* _Required work_:
Pull every line from the records that has the word "integer" in it.

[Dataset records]
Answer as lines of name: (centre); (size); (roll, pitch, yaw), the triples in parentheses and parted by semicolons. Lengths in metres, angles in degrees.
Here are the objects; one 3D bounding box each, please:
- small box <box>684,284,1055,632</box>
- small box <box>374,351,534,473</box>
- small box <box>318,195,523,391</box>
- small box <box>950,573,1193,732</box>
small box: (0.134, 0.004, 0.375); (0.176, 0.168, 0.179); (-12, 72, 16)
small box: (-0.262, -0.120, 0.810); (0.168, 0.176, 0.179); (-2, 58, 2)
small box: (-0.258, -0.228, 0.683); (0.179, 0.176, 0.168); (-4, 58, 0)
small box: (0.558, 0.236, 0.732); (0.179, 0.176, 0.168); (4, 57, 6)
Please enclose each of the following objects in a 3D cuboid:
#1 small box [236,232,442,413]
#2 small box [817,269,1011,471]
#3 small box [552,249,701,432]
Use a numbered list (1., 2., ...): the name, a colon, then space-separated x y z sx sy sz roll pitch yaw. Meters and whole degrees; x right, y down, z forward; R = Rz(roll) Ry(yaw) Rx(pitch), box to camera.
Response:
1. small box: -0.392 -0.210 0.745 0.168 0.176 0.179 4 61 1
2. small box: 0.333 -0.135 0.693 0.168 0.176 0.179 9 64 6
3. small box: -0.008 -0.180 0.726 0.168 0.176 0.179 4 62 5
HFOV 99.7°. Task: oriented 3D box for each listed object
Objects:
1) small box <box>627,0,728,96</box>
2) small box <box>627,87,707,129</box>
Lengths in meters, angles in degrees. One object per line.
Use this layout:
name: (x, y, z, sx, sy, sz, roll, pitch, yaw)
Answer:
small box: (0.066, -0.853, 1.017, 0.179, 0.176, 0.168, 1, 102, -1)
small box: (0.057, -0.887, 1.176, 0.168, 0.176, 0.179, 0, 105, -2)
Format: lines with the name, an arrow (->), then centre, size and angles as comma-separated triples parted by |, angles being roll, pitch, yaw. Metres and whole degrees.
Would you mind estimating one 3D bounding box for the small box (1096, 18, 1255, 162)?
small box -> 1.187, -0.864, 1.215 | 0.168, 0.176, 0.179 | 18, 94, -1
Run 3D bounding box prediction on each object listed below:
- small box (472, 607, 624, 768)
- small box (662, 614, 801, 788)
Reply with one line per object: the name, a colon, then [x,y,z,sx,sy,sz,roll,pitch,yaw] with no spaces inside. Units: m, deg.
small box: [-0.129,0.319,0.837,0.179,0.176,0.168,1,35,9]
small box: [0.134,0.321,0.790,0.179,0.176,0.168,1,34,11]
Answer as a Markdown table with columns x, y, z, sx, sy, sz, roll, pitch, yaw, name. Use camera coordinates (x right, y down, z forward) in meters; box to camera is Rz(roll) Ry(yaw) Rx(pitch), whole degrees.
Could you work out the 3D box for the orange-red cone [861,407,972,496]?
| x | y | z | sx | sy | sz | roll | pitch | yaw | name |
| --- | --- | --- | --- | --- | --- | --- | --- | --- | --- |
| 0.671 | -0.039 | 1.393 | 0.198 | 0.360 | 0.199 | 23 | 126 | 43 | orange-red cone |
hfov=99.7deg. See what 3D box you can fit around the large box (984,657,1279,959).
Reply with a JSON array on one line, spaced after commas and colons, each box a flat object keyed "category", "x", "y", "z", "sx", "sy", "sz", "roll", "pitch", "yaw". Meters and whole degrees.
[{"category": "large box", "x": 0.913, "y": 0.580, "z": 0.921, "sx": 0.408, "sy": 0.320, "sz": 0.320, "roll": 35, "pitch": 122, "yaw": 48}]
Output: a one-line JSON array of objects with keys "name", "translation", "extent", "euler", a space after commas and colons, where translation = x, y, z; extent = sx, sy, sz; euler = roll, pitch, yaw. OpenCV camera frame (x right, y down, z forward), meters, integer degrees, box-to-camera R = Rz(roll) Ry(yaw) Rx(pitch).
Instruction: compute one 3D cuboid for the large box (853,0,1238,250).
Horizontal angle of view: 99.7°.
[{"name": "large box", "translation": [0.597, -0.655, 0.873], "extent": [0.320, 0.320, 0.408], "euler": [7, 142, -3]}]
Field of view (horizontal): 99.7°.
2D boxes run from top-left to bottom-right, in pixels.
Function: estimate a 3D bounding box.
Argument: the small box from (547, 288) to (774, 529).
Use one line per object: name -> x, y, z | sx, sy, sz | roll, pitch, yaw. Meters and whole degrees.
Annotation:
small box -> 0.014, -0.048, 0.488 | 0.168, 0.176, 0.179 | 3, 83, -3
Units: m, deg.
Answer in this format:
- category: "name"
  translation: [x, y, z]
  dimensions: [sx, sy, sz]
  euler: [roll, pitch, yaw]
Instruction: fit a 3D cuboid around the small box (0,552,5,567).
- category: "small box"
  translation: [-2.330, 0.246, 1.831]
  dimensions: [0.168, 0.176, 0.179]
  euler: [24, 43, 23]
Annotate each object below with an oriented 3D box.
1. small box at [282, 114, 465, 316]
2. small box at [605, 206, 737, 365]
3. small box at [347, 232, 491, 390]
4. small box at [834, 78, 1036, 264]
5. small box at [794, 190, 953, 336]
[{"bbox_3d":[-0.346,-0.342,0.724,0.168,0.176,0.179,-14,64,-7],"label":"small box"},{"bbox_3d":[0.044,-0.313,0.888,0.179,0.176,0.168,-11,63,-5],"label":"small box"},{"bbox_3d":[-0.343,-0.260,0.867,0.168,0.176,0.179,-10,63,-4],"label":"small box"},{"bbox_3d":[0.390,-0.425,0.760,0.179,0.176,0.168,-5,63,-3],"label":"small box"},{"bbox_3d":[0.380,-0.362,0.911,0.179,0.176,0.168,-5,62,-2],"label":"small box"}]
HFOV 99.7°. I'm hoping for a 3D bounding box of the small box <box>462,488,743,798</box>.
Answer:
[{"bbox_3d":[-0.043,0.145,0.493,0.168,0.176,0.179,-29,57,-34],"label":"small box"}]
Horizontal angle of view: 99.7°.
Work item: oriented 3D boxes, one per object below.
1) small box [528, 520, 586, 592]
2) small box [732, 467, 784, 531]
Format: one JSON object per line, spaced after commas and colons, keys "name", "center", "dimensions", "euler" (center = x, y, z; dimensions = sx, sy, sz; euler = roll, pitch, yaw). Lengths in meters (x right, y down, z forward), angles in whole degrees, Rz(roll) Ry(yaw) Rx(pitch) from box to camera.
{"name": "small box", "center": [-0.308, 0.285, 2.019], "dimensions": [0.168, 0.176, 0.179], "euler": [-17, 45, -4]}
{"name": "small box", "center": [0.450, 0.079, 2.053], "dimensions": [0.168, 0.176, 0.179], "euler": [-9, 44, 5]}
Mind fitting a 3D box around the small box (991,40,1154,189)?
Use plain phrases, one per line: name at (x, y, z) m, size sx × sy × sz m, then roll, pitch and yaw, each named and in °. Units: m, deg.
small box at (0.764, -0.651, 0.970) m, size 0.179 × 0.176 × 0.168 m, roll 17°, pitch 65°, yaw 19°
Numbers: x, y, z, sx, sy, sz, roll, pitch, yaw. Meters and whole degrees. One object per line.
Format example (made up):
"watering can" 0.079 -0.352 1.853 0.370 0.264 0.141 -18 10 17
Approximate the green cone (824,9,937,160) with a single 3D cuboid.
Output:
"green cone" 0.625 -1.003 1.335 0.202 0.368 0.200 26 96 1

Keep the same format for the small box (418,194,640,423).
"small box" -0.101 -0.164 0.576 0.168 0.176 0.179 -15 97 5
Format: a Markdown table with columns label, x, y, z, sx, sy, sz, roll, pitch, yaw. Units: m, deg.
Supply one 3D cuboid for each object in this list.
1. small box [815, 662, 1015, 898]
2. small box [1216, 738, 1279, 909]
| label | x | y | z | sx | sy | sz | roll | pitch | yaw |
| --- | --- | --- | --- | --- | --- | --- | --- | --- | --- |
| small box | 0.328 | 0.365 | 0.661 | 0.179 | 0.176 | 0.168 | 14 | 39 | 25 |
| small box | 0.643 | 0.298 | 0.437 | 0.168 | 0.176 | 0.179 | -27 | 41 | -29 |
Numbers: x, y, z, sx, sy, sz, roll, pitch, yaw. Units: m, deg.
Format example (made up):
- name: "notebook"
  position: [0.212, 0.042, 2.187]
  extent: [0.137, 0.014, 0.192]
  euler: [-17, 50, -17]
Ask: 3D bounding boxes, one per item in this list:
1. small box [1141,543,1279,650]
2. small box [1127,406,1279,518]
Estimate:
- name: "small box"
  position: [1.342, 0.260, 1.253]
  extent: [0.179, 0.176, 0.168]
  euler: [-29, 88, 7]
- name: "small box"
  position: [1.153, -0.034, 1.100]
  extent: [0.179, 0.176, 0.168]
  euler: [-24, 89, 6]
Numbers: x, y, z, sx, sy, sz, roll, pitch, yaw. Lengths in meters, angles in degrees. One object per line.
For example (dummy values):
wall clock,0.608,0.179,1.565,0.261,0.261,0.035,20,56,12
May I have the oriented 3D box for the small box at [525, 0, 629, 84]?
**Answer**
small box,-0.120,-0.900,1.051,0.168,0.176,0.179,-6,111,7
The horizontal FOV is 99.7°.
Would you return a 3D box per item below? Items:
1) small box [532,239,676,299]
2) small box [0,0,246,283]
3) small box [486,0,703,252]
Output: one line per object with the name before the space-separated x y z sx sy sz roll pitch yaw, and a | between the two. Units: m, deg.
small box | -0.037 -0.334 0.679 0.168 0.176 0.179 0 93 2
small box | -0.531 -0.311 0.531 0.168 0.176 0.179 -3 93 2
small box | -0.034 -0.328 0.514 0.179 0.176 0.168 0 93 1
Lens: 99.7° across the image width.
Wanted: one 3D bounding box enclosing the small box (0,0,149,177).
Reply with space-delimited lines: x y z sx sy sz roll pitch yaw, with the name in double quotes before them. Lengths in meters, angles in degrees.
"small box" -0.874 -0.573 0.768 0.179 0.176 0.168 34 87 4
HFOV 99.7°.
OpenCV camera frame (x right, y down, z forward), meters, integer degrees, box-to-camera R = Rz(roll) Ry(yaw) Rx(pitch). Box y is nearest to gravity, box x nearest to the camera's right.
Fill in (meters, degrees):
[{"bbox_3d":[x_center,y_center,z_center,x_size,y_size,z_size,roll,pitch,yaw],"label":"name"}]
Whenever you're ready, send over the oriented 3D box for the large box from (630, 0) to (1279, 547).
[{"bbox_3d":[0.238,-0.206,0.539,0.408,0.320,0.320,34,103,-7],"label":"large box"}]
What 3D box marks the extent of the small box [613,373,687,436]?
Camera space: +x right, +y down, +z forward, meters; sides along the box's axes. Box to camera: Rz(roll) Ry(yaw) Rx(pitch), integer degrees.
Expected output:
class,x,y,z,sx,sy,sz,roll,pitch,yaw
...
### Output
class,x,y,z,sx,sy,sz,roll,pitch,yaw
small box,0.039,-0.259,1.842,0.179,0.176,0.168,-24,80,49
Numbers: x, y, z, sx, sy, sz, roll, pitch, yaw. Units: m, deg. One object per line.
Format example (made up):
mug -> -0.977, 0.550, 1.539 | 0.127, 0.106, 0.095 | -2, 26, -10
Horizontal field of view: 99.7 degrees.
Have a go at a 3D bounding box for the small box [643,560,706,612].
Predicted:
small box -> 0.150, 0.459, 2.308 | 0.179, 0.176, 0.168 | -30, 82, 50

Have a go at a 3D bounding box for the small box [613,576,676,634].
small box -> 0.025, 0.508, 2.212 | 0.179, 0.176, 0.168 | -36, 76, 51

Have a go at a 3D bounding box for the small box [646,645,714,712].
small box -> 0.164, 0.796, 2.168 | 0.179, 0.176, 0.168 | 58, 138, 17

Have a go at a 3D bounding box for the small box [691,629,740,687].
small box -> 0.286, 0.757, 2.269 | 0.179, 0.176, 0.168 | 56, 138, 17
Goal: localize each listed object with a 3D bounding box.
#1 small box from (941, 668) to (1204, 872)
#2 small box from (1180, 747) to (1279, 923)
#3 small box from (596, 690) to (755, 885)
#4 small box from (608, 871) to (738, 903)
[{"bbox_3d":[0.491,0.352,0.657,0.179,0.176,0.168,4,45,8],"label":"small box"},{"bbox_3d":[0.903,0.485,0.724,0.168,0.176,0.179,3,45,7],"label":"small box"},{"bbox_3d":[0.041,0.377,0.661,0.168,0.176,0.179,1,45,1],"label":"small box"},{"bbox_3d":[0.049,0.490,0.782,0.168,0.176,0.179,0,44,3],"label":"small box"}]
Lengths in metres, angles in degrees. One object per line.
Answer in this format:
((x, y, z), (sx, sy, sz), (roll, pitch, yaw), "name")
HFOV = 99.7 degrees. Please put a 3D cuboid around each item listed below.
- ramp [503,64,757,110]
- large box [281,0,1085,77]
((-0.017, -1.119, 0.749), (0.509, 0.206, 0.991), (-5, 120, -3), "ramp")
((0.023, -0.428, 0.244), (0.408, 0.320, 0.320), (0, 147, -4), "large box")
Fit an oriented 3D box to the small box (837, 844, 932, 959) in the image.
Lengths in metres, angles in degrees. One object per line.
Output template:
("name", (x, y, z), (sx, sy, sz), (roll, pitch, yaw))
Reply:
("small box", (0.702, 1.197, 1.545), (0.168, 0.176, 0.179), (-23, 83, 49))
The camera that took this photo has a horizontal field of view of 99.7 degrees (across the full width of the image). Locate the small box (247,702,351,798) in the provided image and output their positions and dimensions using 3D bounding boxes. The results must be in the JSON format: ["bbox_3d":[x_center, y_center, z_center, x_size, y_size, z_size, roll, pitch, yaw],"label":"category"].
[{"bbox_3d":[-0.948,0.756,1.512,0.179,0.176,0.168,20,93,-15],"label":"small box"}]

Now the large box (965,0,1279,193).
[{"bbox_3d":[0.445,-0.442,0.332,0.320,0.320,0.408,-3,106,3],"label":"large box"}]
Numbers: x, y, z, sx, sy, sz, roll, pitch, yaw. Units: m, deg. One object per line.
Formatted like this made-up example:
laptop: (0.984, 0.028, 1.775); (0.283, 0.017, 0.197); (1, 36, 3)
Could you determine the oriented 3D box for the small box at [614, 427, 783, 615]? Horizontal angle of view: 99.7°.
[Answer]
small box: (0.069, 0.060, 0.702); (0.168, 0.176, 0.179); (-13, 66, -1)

* _Your response_:
Output: a one-line JSON array of objects with keys "name", "translation", "extent", "euler", a space after commas and colons, where translation = x, y, z; extent = sx, sy, sz; euler = roll, pitch, yaw. OpenCV camera frame (x right, y down, z forward), meters, integer degrees, box-to-camera R = Rz(roll) Ry(yaw) Rx(pitch).
OpenCV camera frame (x right, y down, z forward), meters, integer degrees, box-to-camera R = Rz(roll) Ry(yaw) Rx(pitch). Box y is nearest to gravity, box x nearest to the camera's right.
Camera space: +x right, +y down, +z forward, meters; sides along the box's axes. Box to camera: Rz(roll) Ry(yaw) Rx(pitch), integer degrees.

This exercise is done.